- Born: 14 May 1888 Sieniawa, Austro-Hungarian Empire, (now Poland)
- Died: 21 February 1955 (aged 66) Zagreb, SFR Yugoslavia, (now Croatia)
- Children: Teodor Grüner (son)

= Bernard Grüner =

Bernard Grüner (14 May 1888 – 21 February 1955) was a Croatian-Jewish composer, hazzan of the Dohány Street Synagogue and chief hazzan of the Jewish Community in Zagreb.

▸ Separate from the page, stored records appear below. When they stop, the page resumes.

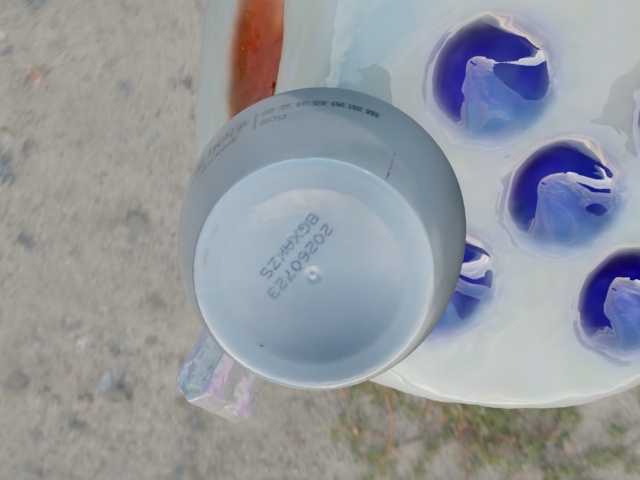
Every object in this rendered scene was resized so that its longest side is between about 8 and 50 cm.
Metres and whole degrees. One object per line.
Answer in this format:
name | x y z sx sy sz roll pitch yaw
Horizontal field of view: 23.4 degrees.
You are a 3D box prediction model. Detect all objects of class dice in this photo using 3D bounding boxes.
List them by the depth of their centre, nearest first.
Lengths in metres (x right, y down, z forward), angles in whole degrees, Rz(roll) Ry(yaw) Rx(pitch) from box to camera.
dice | 0.083 -0.083 0.805 0.251 0.259 0.243 7 115 -19

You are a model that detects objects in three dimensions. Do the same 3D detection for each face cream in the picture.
face cream | 0.000 0.000 0.615 0.117 0.104 0.117 1 106 4

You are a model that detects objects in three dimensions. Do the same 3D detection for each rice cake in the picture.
rice cake | -0.048 0.044 1.607 0.050 0.106 0.298 25 84 33
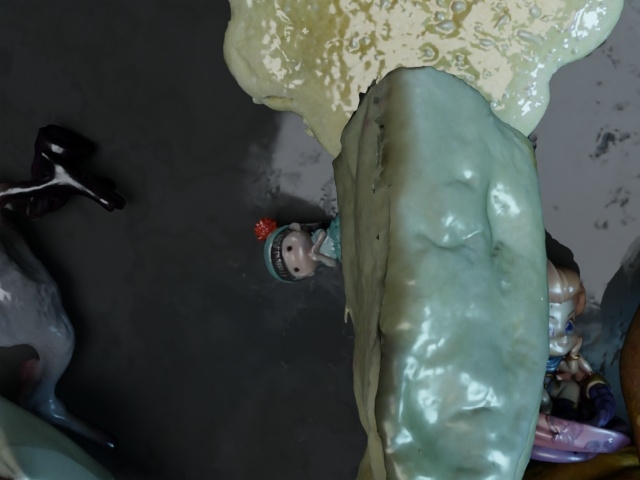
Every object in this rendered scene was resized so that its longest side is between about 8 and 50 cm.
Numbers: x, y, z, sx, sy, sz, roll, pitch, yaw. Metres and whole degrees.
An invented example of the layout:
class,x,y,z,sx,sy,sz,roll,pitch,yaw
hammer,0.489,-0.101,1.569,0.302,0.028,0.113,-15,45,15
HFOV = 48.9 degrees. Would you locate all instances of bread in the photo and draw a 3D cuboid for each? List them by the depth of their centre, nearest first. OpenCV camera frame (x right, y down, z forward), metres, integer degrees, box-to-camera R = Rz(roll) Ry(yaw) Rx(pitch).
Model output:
class,x,y,z,sx,sy,sz,roll,pitch,yaw
bread,0.060,-0.196,0.513,0.316,0.054,0.316,4,103,15

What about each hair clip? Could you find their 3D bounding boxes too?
class,x,y,z,sx,sy,sz,roll,pitch,yaw
hair clip,-0.294,0.216,0.671,0.282,0.113,0.172,-12,134,29

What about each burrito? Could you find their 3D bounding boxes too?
class,x,y,z,sx,sy,sz,roll,pitch,yaw
burrito,0.072,0.082,0.446,0.135,0.190,0.332,4,76,-7

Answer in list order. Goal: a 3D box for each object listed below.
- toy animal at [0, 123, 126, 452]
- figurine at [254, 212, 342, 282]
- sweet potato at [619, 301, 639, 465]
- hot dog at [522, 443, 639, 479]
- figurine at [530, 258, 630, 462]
class,x,y,z,sx,sy,sz,roll,pitch,yaw
toy animal,-0.285,0.054,0.658,0.195,0.090,0.324,9,108,4
figurine,0.000,0.000,0.585,0.106,0.047,0.060,-12,111,16
sweet potato,0.254,0.078,0.494,0.078,0.058,0.255,8,77,29
hot dog,0.277,0.302,0.524,0.387,0.174,0.267,13,110,3
figurine,0.160,0.091,0.540,0.126,0.114,0.157,-8,73,-19
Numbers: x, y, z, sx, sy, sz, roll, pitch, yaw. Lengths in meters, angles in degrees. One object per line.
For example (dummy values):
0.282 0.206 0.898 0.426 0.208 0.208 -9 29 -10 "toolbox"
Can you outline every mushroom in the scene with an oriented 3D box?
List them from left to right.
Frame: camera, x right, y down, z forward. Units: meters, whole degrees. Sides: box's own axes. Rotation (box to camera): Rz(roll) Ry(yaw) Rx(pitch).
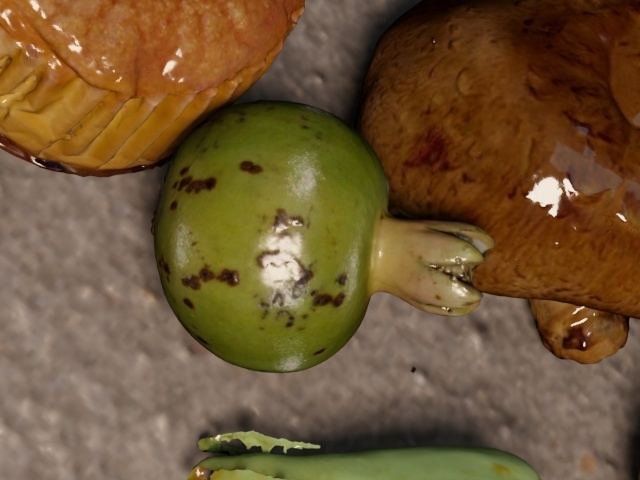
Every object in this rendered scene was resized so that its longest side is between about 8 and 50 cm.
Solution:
0.131 -0.049 0.768 0.231 0.138 0.194 6 67 -27 "mushroom"

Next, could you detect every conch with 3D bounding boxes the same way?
0.025 0.133 0.681 0.170 0.079 0.106 9 60 -9 "conch"

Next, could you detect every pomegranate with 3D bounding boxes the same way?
0.000 0.000 0.680 0.142 0.114 0.115 10 62 8 "pomegranate"

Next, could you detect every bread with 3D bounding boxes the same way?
-0.091 -0.134 0.700 0.199 0.104 0.199 12 66 -27 "bread"

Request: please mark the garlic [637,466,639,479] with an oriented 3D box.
0.281 0.162 0.752 0.245 0.245 0.253 -55 137 -33 "garlic"

Grüner was born in Sieniawa, Poland (then part of the Austro-Hungarian Empire) on 14 May 1888. As a child, when he was nine years old, Grüner was a known singer in the Budapest Jewish circles. He finished elementary school and three years of economic high school in Budapest, where he also attended Yeshiva. In Szatmár County he gained his orthodox rabbinical college degree. Grüner studied for hazzan with the Hungarian State Opera House scholarship. In 1913, his first hazzan position was in Nitra, Slovakia. From 1918 to 1923, Grüner served as hazzan at the Dohány Street Synagogue in Budapest. In Székesfehérvár, Hungary he served as hazzan from 1923 to 1929. In 1929, Grüner moved to Zagreb where he was appointed as the hazzan at the Zagreb Synagogue. In 1941 during the destruction of a Zagreb Synagogue Grüner saved, with help from Croatian composer Franjo Lučić, the Torah rolls and organ. Grüner was taken to prison at Savska street by Ustaše, but under the influence of the Archbishop of Zagreb, Aloysius Stepinac, he was soon released and managed to survive the Holocaust. From the beginning of his service as hazzan in Nitra, he wrote down the chants that he used in a synagogue services. Grüner chants, from 1906 to 1938, were incorporated into five manuscripts that are saved at his son personal library. With in the Grüner manuscript collection there are also chants of Salomon Sulzer, Louis Lewandowski and Samuel Naumbourg. Grüner composed over 70 synagogue chants. With his death in 1955, Croatian synagogue chants tradition was stopped.

In 2012, music notes book "Synagogue chants of Bernard Grüner" was presented at the Jewish community Zagreb.